The Sam's Club Translator

January 2, 2012
By zombiefan BRONZE, Baltimore, Maryland
zombiefan BRONZE, Baltimore, Maryland
1 article 0 photos 0 comments

The Saturday afternoon is warm and Sam’s Club is packed with busy shoppers ready for a summer barbecue. “Do we have to go today?” I complain to my mother as she locks the car doors. I despise having to go to an eye doctor appointment especially at the start of the summer break. I could be at home catching up on my sleep that I’ve missed during the entire school year. Instead my mother and I go through the normal routine: get the examination and pick the glasses we want. While attempting to put in new contact lenses, my mother calls me from afar, “There’s a woman here who speaks Spanish, practice your Spanish.” I look behind her and see a blurry figure sitting down, waving to me. I lightly smile and wave back, “Mom, I’m busy right now,” I whisper. She returns talking to the woman while I struggle to pop the contact lenses in my eyes. My mom calls my attention again, “Jessica, I don’t think she speaks English. Talk to her.”
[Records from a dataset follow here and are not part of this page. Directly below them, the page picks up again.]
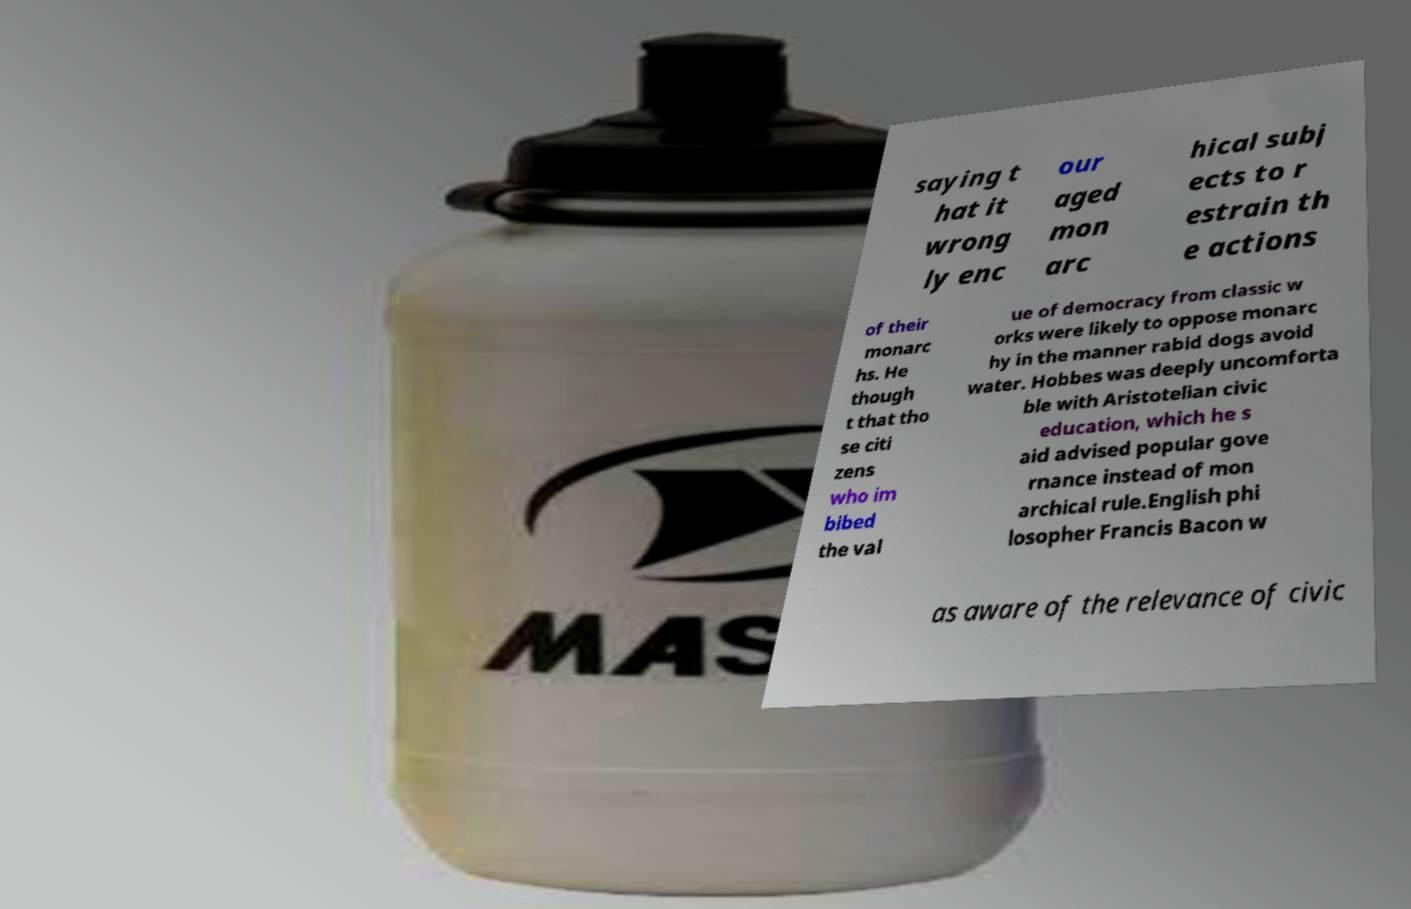What messages or text are displayed in this image? I need them in a readable, typed format. saying t hat it wrong ly enc our aged mon arc hical subj ects to r estrain th e actions of their monarc hs. He though t that tho se citi zens who im bibed the val ue of democracy from classic w orks were likely to oppose monarc hy in the manner rabid dogs avoid water. Hobbes was deeply uncomforta ble with Aristotelian civic education, which he s aid advised popular gove rnance instead of mon archical rule.English phi losopher Francis Bacon w as aware of the relevance of civic 
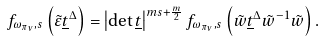<formula> <loc_0><loc_0><loc_500><loc_500>f _ { \omega _ { \pi _ { \nu } } , s } \left ( \tilde { \varepsilon } \underline { t } ^ { \Delta } \right ) = \left | \det \underline { t } \right | ^ { m s + \frac { m } { 2 } } f _ { \omega _ { \pi _ { \nu } } , s } \left ( \tilde { w } \underline { t } ^ { \Delta } \tilde { w } ^ { - 1 } \tilde { w } \right ) .</formula> 
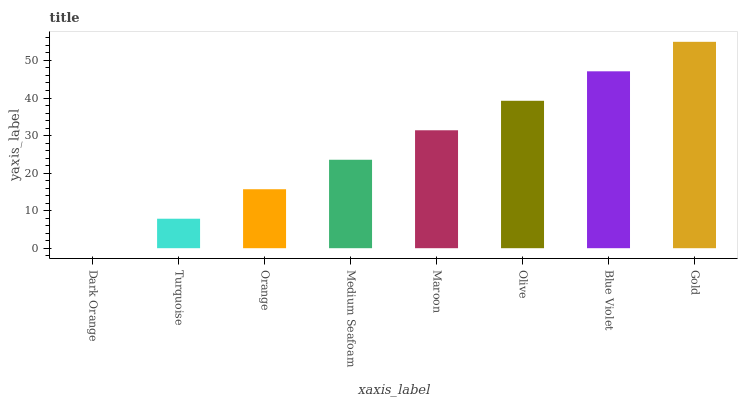Is Dark Orange the minimum?
Answer yes or no. Yes. Is Gold the maximum?
Answer yes or no. Yes. Is Turquoise the minimum?
Answer yes or no. No. Is Turquoise the maximum?
Answer yes or no. No. Is Turquoise greater than Dark Orange?
Answer yes or no. Yes. Is Dark Orange less than Turquoise?
Answer yes or no. Yes. Is Dark Orange greater than Turquoise?
Answer yes or no. No. Is Turquoise less than Dark Orange?
Answer yes or no. No. Is Maroon the high median?
Answer yes or no. Yes. Is Medium Seafoam the low median?
Answer yes or no. Yes. Is Turquoise the high median?
Answer yes or no. No. Is Maroon the low median?
Answer yes or no. No. 
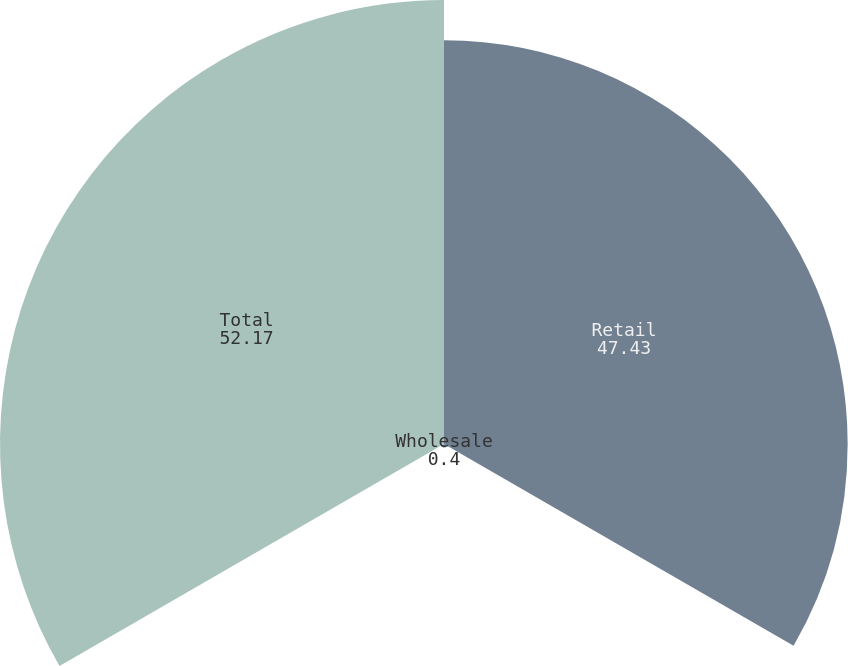<chart> <loc_0><loc_0><loc_500><loc_500><pie_chart><fcel>Retail<fcel>Wholesale<fcel>Total<nl><fcel>47.43%<fcel>0.4%<fcel>52.17%<nl></chart> 
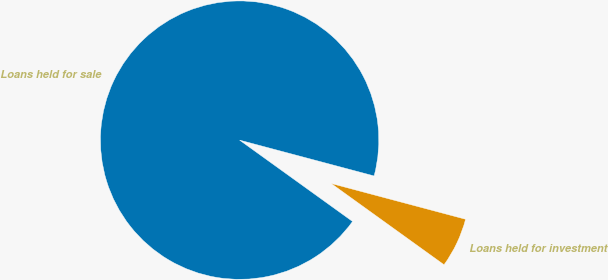Convert chart. <chart><loc_0><loc_0><loc_500><loc_500><pie_chart><fcel>Loans held for sale<fcel>Loans held for investment<nl><fcel>94.21%<fcel>5.79%<nl></chart> 
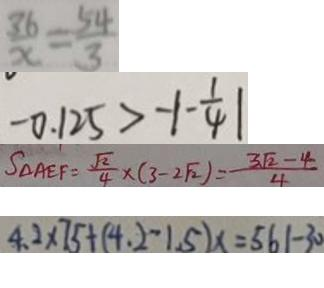Convert formula to latex. <formula><loc_0><loc_0><loc_500><loc_500>\frac { 3 6 } { x } = \frac { 5 4 } { 3 } 
 - 0 . 1 2 5 > - \vert - \frac { 1 } { 4 } \vert 
 S _ { \Delta A E F } = \frac { \sqrt { 2 } } { 4 } \times ( 3 - 2 \sqrt { 2 } ) = \frac { 3 \sqrt { 2 } - 4 } { 4 } 
 4 . 2 \times 7 5 + ( 4 . 2 - 1 . 5 ) x = 5 6 1 - 3 0</formula>

I don’t want to speak Spanish because I’m afraid that I’ll say the wrong words or I’ll get confused because my understanding is limited, but I stood up and introduced myself to her. Her name is Carmen …good start.
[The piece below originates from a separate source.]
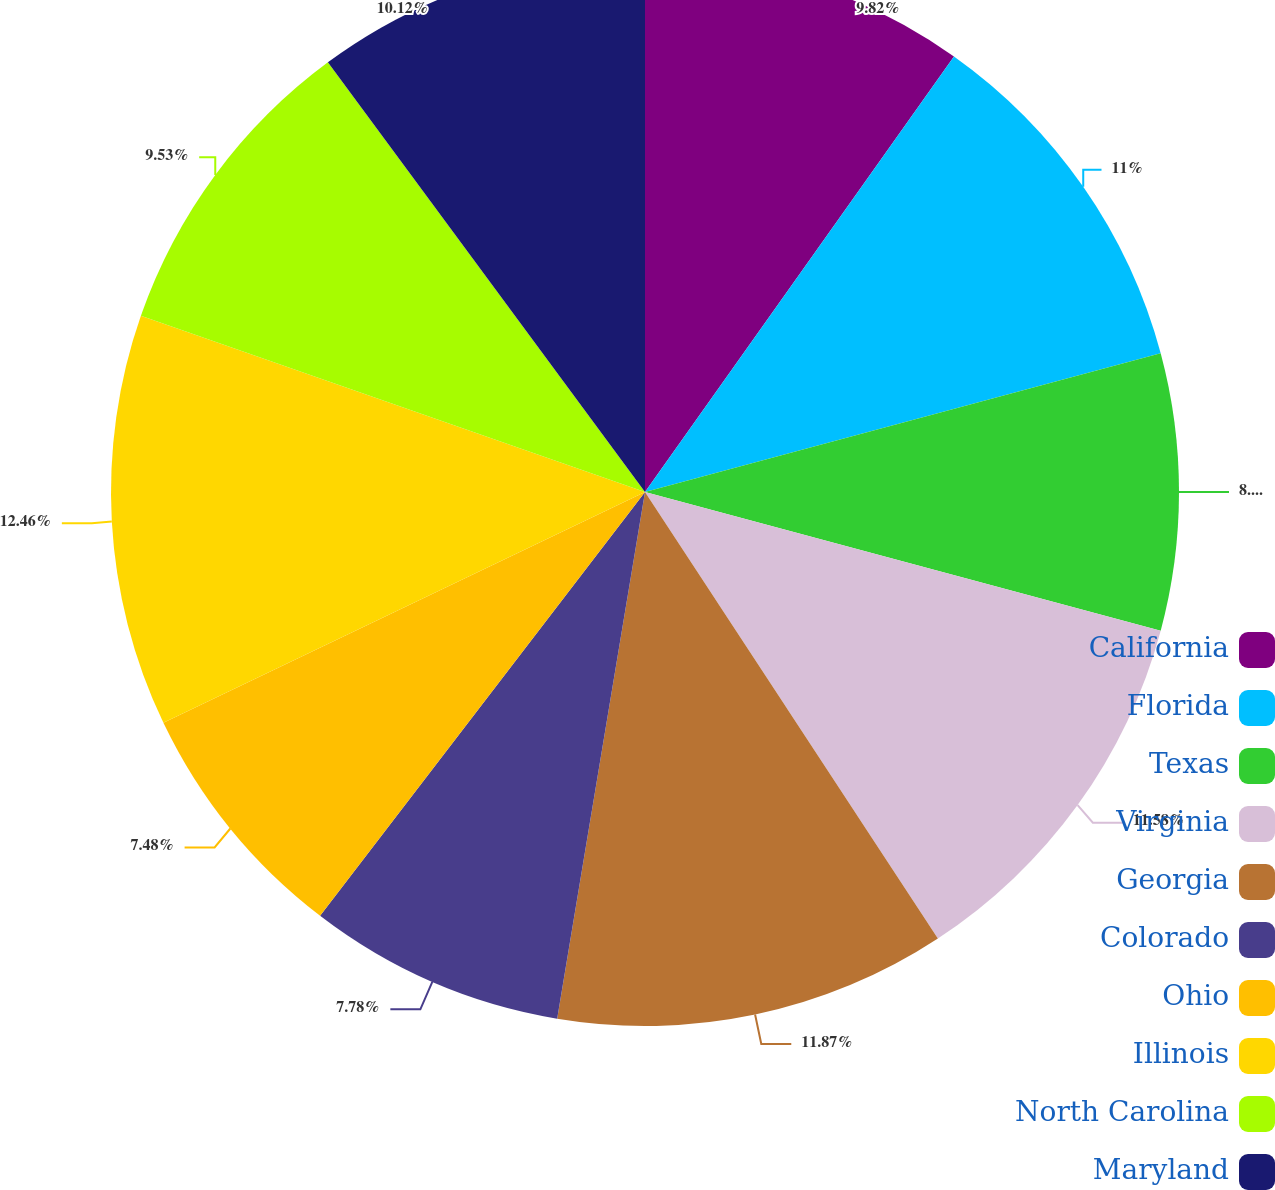Convert chart to OTSL. <chart><loc_0><loc_0><loc_500><loc_500><pie_chart><fcel>California<fcel>Florida<fcel>Texas<fcel>Virginia<fcel>Georgia<fcel>Colorado<fcel>Ohio<fcel>Illinois<fcel>North Carolina<fcel>Maryland<nl><fcel>9.82%<fcel>11.0%<fcel>8.36%<fcel>11.58%<fcel>11.87%<fcel>7.78%<fcel>7.48%<fcel>12.46%<fcel>9.53%<fcel>10.12%<nl></chart>

“Ma’am, May I help you?” the assistant asks.
Turning around, I say, “She doesn’t speak or understand English.”
The assistant nods and asks, “Does she have anyone to translate for her?”
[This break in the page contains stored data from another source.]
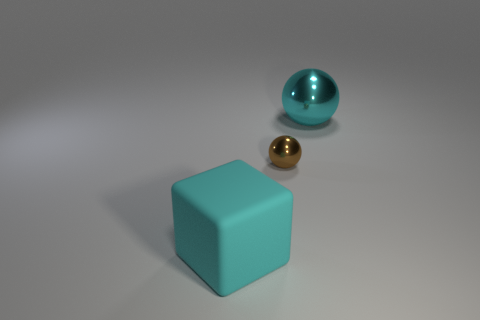What could be the possible uses for these objects in a practical scenario? In a practical setting, these objects could serve as models for a variety of purposes. The matte turquoise cube might be used as a paperweight or as a decorative element for a minimalist space. The shiny gold sphere could be a knob or handle for furniture, or perhaps an ornamental object. The glossy teal ball might find use as a sleek, modern element in interior design or as part of a visual display in a store window. 
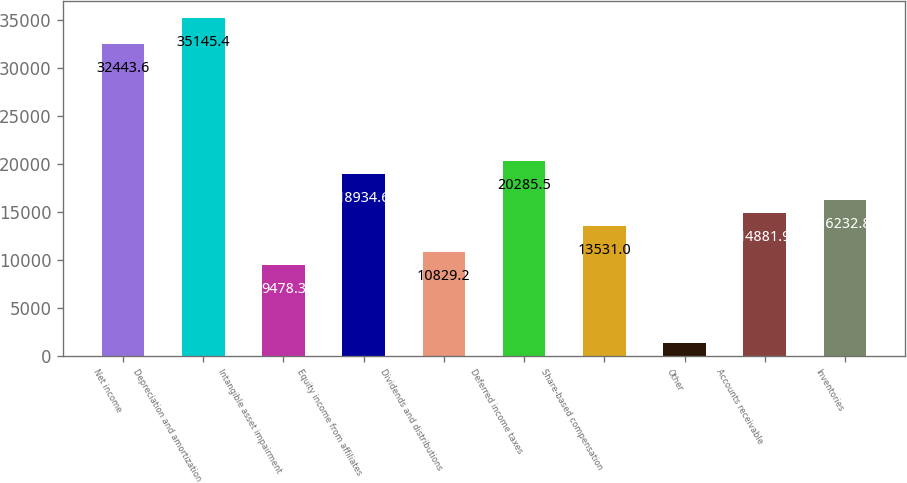Convert chart. <chart><loc_0><loc_0><loc_500><loc_500><bar_chart><fcel>Net income<fcel>Depreciation and amortization<fcel>Intangible asset impairment<fcel>Equity income from affiliates<fcel>Dividends and distributions<fcel>Deferred income taxes<fcel>Share-based compensation<fcel>Other<fcel>Accounts receivable<fcel>Inventories<nl><fcel>32443.6<fcel>35145.4<fcel>9478.3<fcel>18934.6<fcel>10829.2<fcel>20285.5<fcel>13531<fcel>1372.9<fcel>14881.9<fcel>16232.8<nl></chart> 
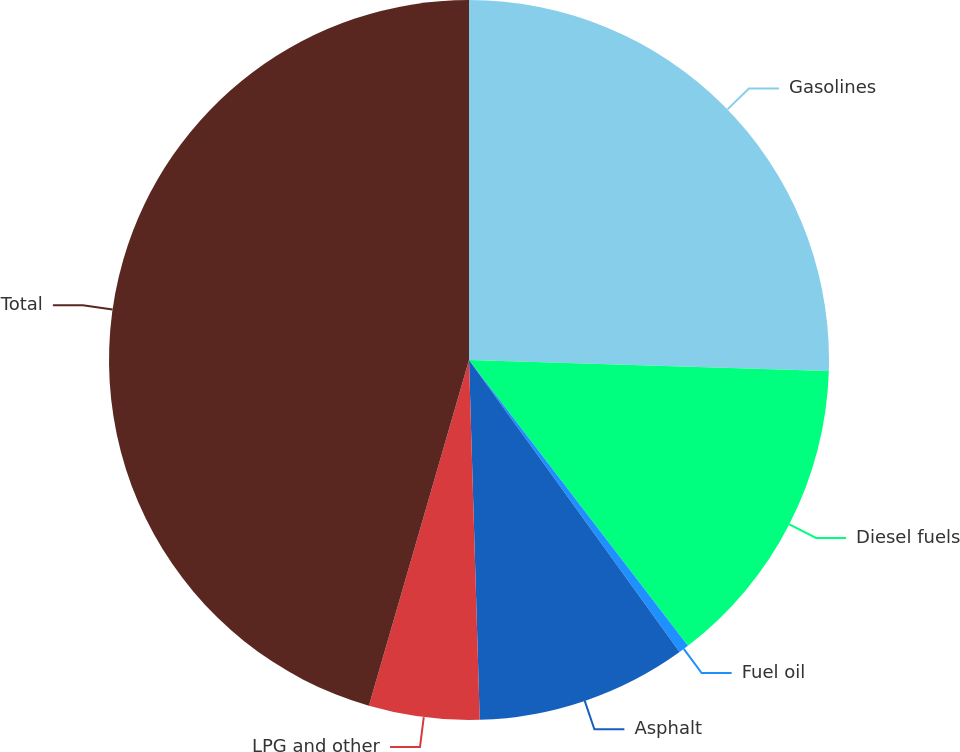<chart> <loc_0><loc_0><loc_500><loc_500><pie_chart><fcel>Gasolines<fcel>Diesel fuels<fcel>Fuel oil<fcel>Asphalt<fcel>LPG and other<fcel>Total<nl><fcel>25.49%<fcel>14.11%<fcel>0.46%<fcel>9.47%<fcel>4.96%<fcel>45.52%<nl></chart>

Asking Carmen, I then respond, “No, but she said her niece is coming within 45 minutes to help her.”
The assistant grabs the phone and calls the manager to see if there are any Spanish workers available, “Well, the doctor is leaving soon and there’s no one here to translate for her. Do you think you can help her?”
Hesitantly accepting to be the translator, I start by going through Carmen’s medical history. Back and forth, questions and answers are being interpreted. My mind feels like scrambled eggs! My hands are shaking and voice is trembling as I struggle forming the correct verb conjugations and saying Spanish words correctly. I wish that I’d carried a Spanish dictionary with me or downloaded a translation app on my phone! Carmen was then called to the examination room where the doctor realized that she had a student translator to help interpret directions. After the hectic process of translating, Carmen and I had time for an interesting conversation about Hispanic singers we liked. Before Carmen and her niece left and thanked me, Carmen and I exchanged numbers so we could practice together another time.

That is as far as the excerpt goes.